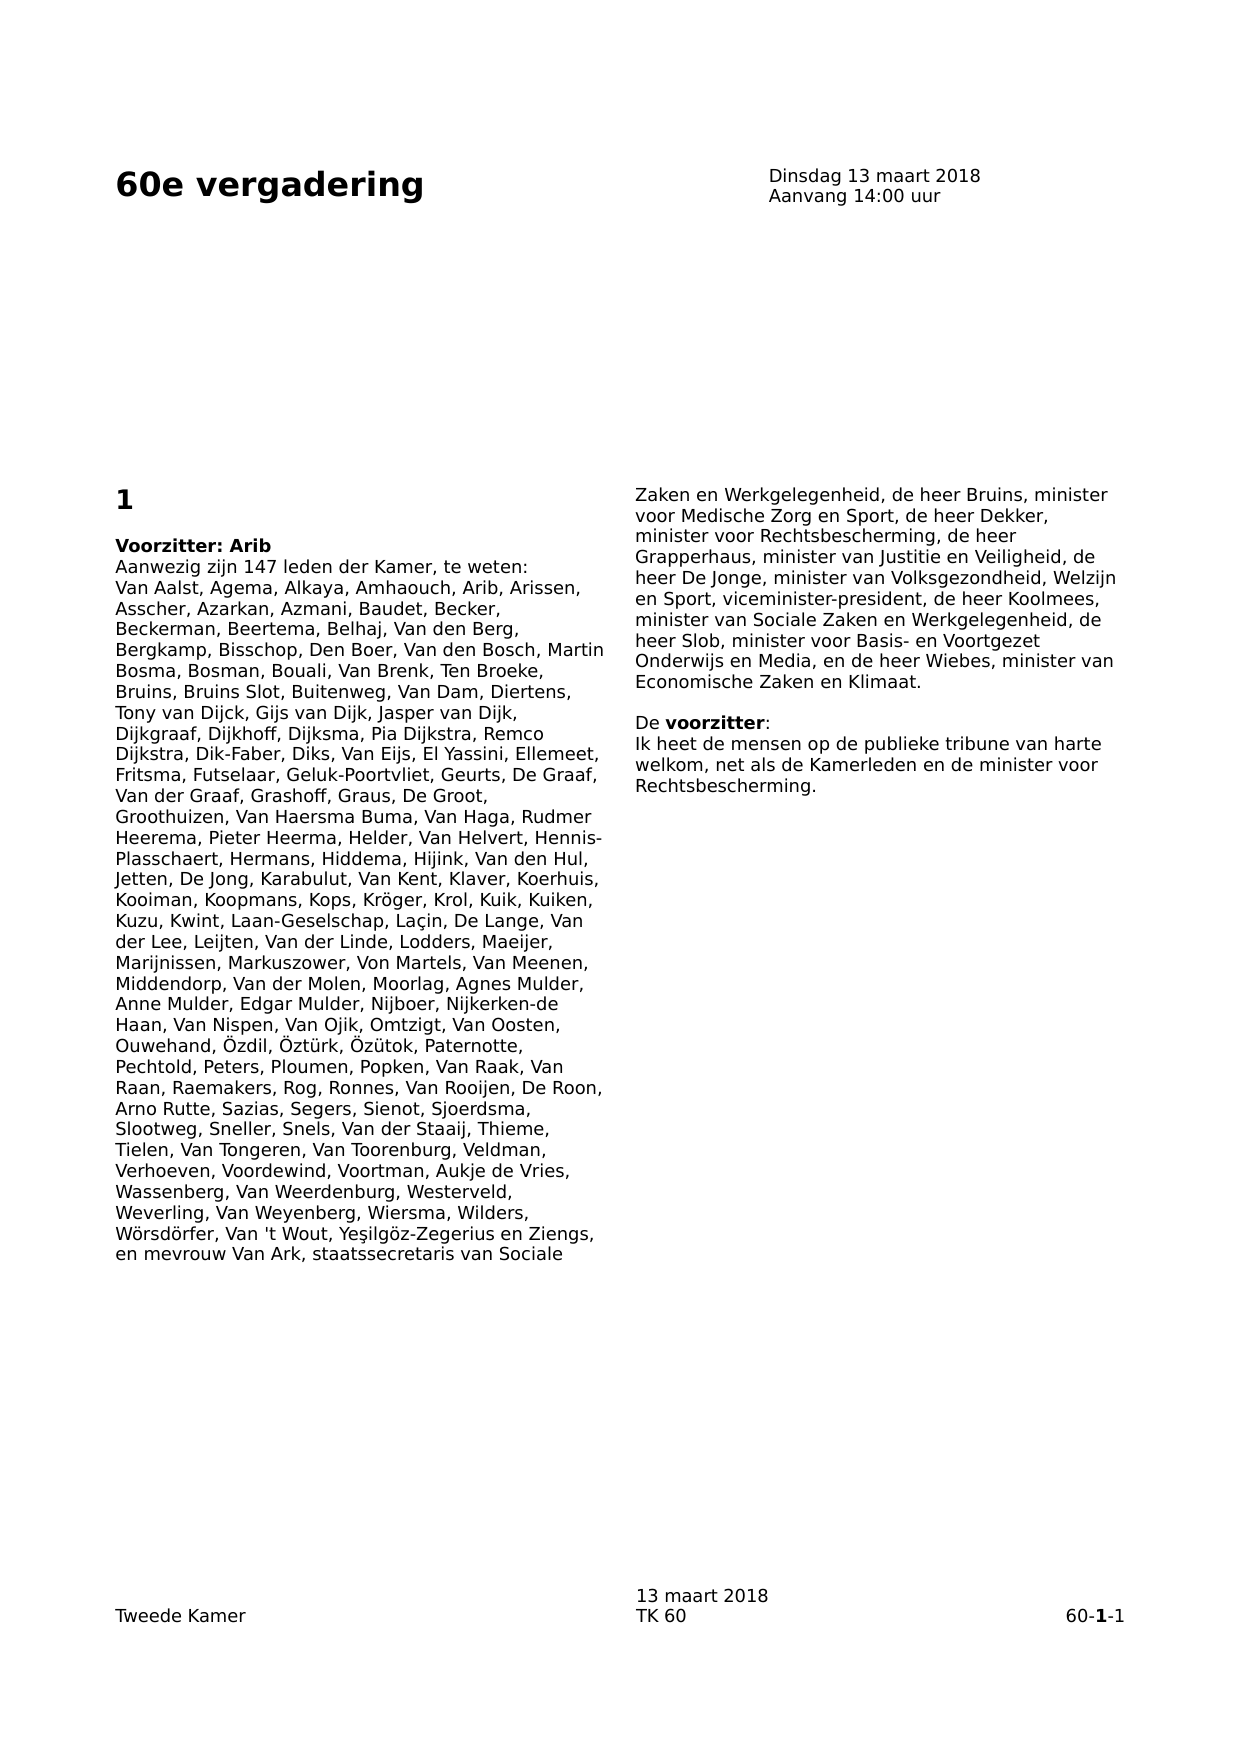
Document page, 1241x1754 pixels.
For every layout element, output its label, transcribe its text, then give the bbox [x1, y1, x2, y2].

title 1 [115, 484, 605, 516]
text Voorzitter: Arib [115, 536, 605, 557]
text Van Aalst, Agema, Alkaya, Amhaouch, Arib, Arissen, Asscher, Azarkan, Azmani, Baudet, Becker, Beckerman, Beertema, Belhaj, Van den Berg, Bergkamp, Bisschop, Den Boer, Van den Bosch, Martin Bosma, Bosman, Bouali, Van Brenk, Ten Broeke, Bruins, Bruins Slot, Buitenweg, Van Dam, Diertens, Tony van Dijck, Gijs van Dijk, Jasper van Dijk, Dijkgraaf, Dijkhoff, Dijksma, Pia Dijkstra, Remco Dijkstra, Dik-Faber, Diks, Van Eijs, El Yassini, Ellemeet, Fritsma, Futselaar, Geluk-Poortvliet, Geurts, De Graaf, Van der Graaf, Grashoff, Graus, De Groot, Groothuizen, Van Haersma Buma, Van Haga, Rudmer Heerema, Pieter Heerma, Helder, Van Helvert, Hennis-Plasschaert, Hermans, Hiddema, Hijink, Van den Hul, Jetten, De Jong, Karabulut, Van Kent, Klaver, Koerhuis, Kooiman, Koopmans, Kops, Kröger, Krol, Kuik, Kuiken, Kuzu, Kwint, Laan-Geselschap, Laçin, De Lange, Van der Lee, Leijten, Van der Linde, Lodders, Maeijer, Marijnissen, Markuszower, Von Martels, Van Meenen, Middendorp, Van der Molen, Moorlag, Agnes Mulder, Anne Mulder, Edgar Mulder, Nijboer, Nijkerken-de Haan, Van Nispen, Van Ojik, Omtzigt, Van Oosten, Ouwehand, Özdil, Öztürk, Özütok, Paternotte, Pechtold, Peters, Ploumen, Popken, Van Raak, Van Raan, Raemakers, Rog, Ronnes, Van Rooijen, De Roon, Arno Rutte, Sazias, Segers, Sienot, Sjoerdsma, Slootweg, Sneller, Snels, Van der Staaij, Thieme, Tielen, Van Tongeren, Van Toorenburg, Veldman, Verhoeven, Voordewind, Voortman, Aukje de Vries, Wassenberg, Van Weerdenburg, Westerveld, Weverling, Van Weyenberg, Wiersma, Wilders, Wörsdörfer, Van 't Wout, Yeşilgöz-Zegerius en Ziengs, [115, 577, 605, 1244]
table_header Dinsdag 13 maart 2018 [769, 165, 1125, 186]
text Zaken en Werkgelegenheid, de heer Bruins, minister voor Medische Zorg en Sport, de heer Dekker, minister voor Rechtsbescherming, de heer Grapperhaus, minister van Justitie en Veiligheid, de heer De Jonge, minister van Volksgezondheid, Welzijn en Sport, viceminister-president, de heer Koolmees, minister van Sociale Zaken en Werkgelegenheid, de heer Slob, minister voor Basis- en Voortgezet Onderwijs en Media, en de heer Wiebes, minister van Economische Zaken en Klimaat. [635, 484, 1125, 693]
text Aanwezig zijn 147 leden der Kamer, te weten: [115, 557, 605, 577]
table_cell Aanvang 14:00 uur [769, 186, 1125, 207]
text en mevrouw Van Ark, staatssecretaris van Sociale [115, 1244, 605, 1265]
text Ik heet de mensen op de publieke tribune van harte welkom, net als de Kamerleden en de minister voor Rechtsbescherming. [635, 734, 1125, 796]
table_header 60e vergadering [115, 165, 768, 207]
text De voorzitter: [635, 713, 1125, 734]
·····
### What is required
Begin at the first line of the entries and end at the line containing "table_header Dinsdag 13": write out each line exactly, skipping pictures.

### Answer for this exercise
Document page, 1241x1754 pixels.
For every layout element, output its label, transcribe its text, then give the bbox [x1, y1, x2, y2].

title 1 [115, 484, 605, 516]
text Voorzitter: Arib [115, 536, 605, 557]
text Van Aalst, Agema, Alkaya, Amhaouch, Arib, Arissen, Asscher, Azarkan, Azmani, Baudet, Becker, Beckerman, Beertema, Belhaj, Van den Berg, Bergkamp, Bisschop, Den Boer, Van den Bosch, Martin Bosma, Bosman, Bouali, Van Brenk, Ten Broeke, Bruins, Bruins Slot, Buitenweg, Van Dam, Diertens, Tony van Dijck, Gijs van Dijk, Jasper van Dijk, Dijkgraaf, Dijkhoff, Dijksma, Pia Dijkstra, Remco Dijkstra, Dik-Faber, Diks, Van Eijs, El Yassini, Ellemeet, Fritsma, Futselaar, Geluk-Poortvliet, Geurts, De Graaf, Van der Graaf, Grashoff, Graus, De Groot, Groothuizen, Van Haersma Buma, Van Haga, Rudmer Heerema, Pieter Heerma, Helder, Van Helvert, Hennis-Plasschaert, Hermans, Hiddema, Hijink, Van den Hul, Jetten, De Jong, Karabulut, Van Kent, Klaver, Koerhuis, Kooiman, Koopmans, Kops, Kröger, Krol, Kuik, Kuiken, Kuzu, Kwint, Laan-Geselschap, Laçin, De Lange, Van der Lee, Leijten, Van der Linde, Lodders, Maeijer, Marijnissen, Markuszower, Von Martels, Van Meenen, Middendorp, Van der Molen, Moorlag, Agnes Mulder, Anne Mulder, Edgar Mulder, Nijboer, Nijkerken-de Haan, Van Nispen, Van Ojik, Omtzigt, Van Oosten, Ouwehand, Özdil, Öztürk, Özütok, Paternotte, Pechtold, Peters, Ploumen, Popken, Van Raak, Van Raan, Raemakers, Rog, Ronnes, Van Rooijen, De Roon, Arno Rutte, Sazias, Segers, Sienot, Sjoerdsma, Slootweg, Sneller, Snels, Van der Staaij, Thieme, Tielen, Van Tongeren, Van Toorenburg, Veldman, Verhoeven, Voordewind, Voortman, Aukje de Vries, Wassenberg, Van Weerdenburg, Westerveld, Weverling, Van Weyenberg, Wiersma, Wilders, Wörsdörfer, Van 't Wout, Yeşilgöz-Zegerius en Ziengs, [115, 577, 605, 1244]
table_header Dinsdag 13 maart 2018 [769, 165, 1125, 186]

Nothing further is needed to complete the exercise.